--- RECORDS FOR THIS TASK Enclosed Below ---

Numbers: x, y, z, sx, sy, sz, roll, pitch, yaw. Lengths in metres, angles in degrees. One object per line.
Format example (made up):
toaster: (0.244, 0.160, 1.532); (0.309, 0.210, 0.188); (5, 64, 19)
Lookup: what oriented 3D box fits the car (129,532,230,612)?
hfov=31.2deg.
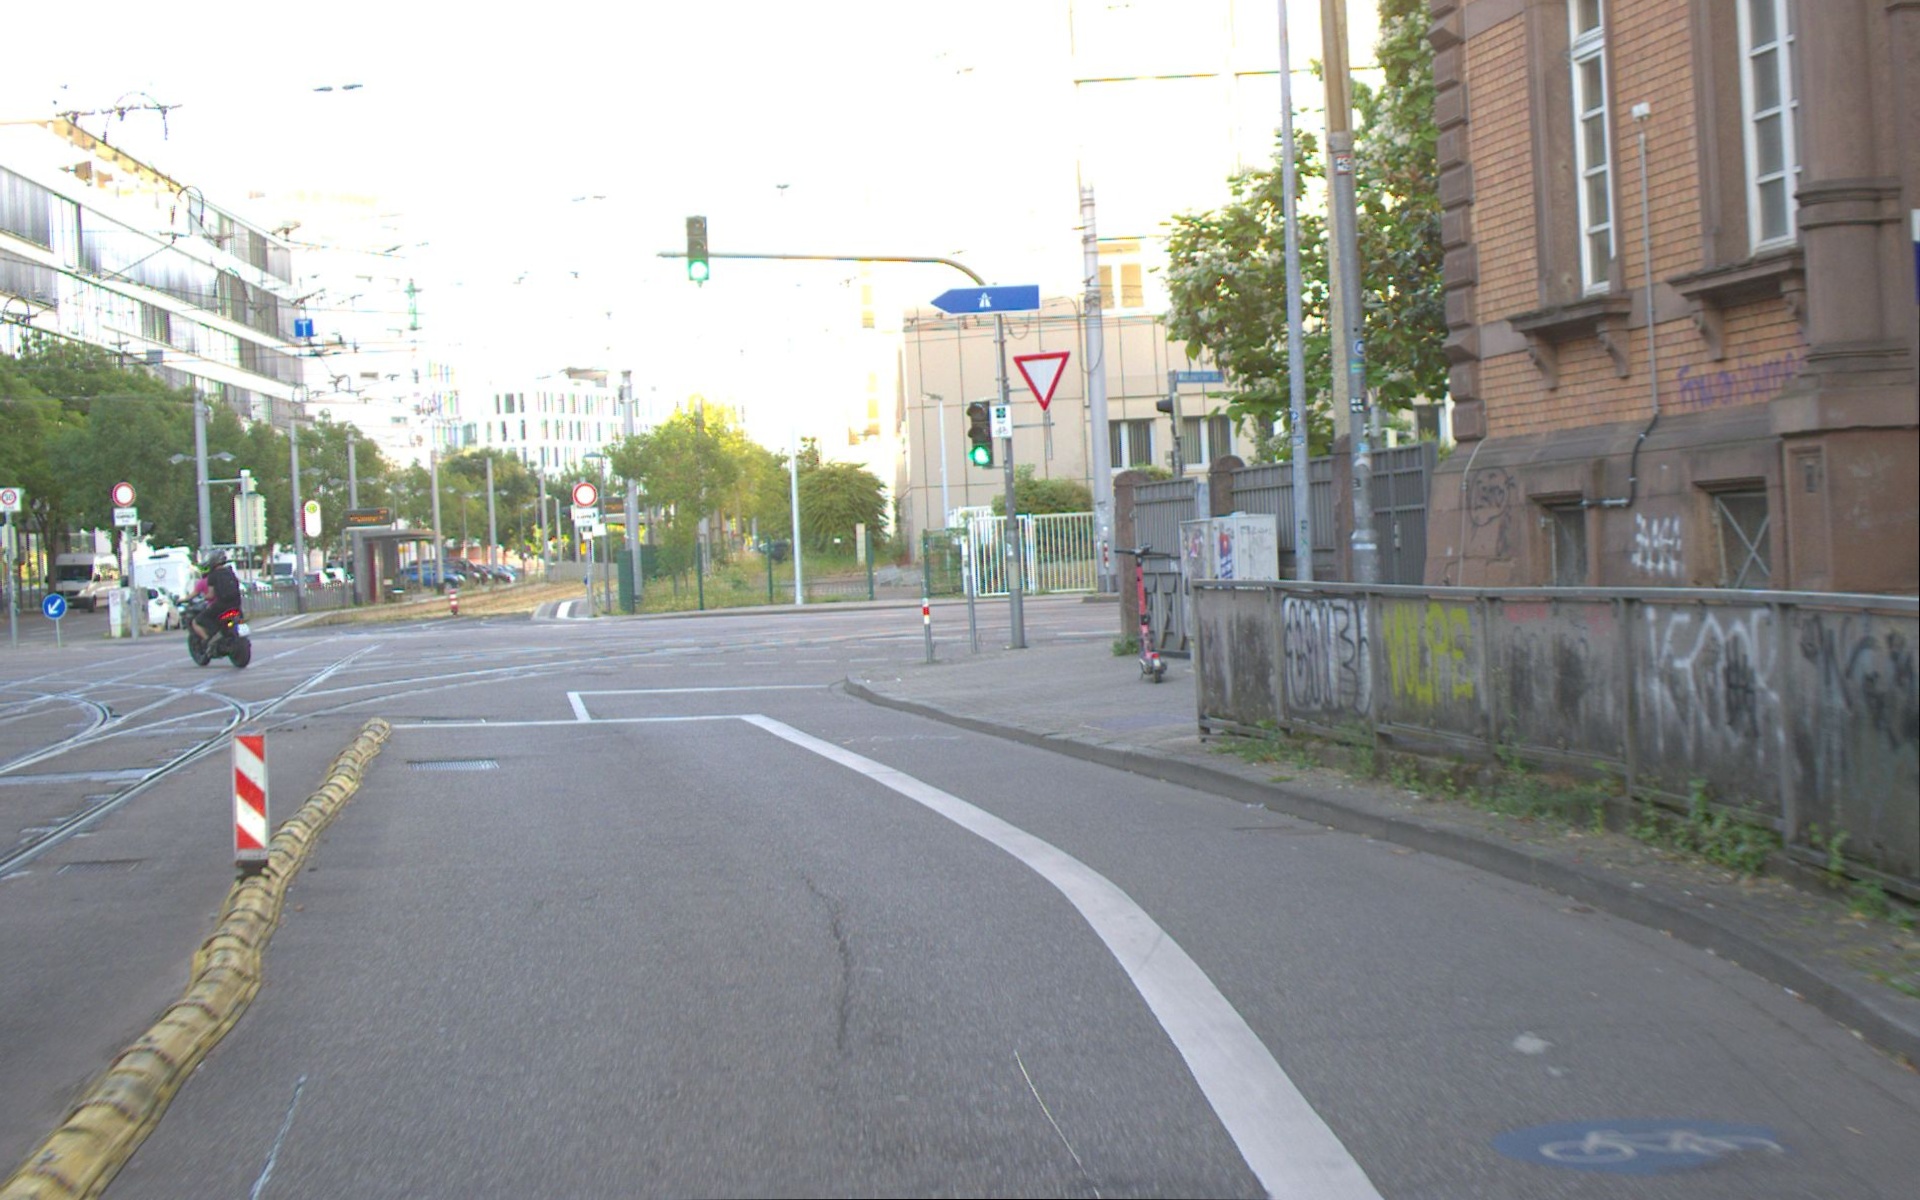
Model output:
car: (-25.661, -0.943, 113.246); (2.460, 2.474, 5.809); (-3, 1, -6)

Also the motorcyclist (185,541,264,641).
motorcyclist: (-11.183, -0.134, 52.254); (0.828, 1.468, 1.207); (-3, 1, -26)

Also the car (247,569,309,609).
car: (-26.294, -0.433, 132.684); (1.682, 1.434, 4.126); (-3, 1, -2)

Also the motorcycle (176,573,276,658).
motorcycle: (-11.185, 0.232, 52.323); (0.828, 1.235, 2.491); (-3, 1, -26)

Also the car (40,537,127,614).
car: (-37.898, -1.094, 148.750); (2.201, 3.141, 6.143); (-3, 1, -2)

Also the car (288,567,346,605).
car: (-26.374, -0.576, 141.083); (1.682, 1.434, 4.126); (-3, 1, -2)

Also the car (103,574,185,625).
car: (-25.499, -0.039, 107.513); (1.682, 1.434, 4.126); (-3, 1, -2)

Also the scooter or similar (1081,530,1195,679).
scooter or similar: (1.595, 0.029, 31.031); (0.641, 1.261, 1.583); (-4, 1, -8)

--- End of Enclosed RECORDS FOR THIS TASK ---

_PROBLEM REQUIREMENTS_
Reproduce exactly the line bearing "Also the car (103,574,185,625)." and all the lines that come after it in the records above; add nothing.

_SOLUTION FOR THIS PROBLEM_
Also the car (103,574,185,625).
car: (-25.499, -0.039, 107.513); (1.682, 1.434, 4.126); (-3, 1, -2)

Also the scooter or similar (1081,530,1195,679).
scooter or similar: (1.595, 0.029, 31.031); (0.641, 1.261, 1.583); (-4, 1, -8)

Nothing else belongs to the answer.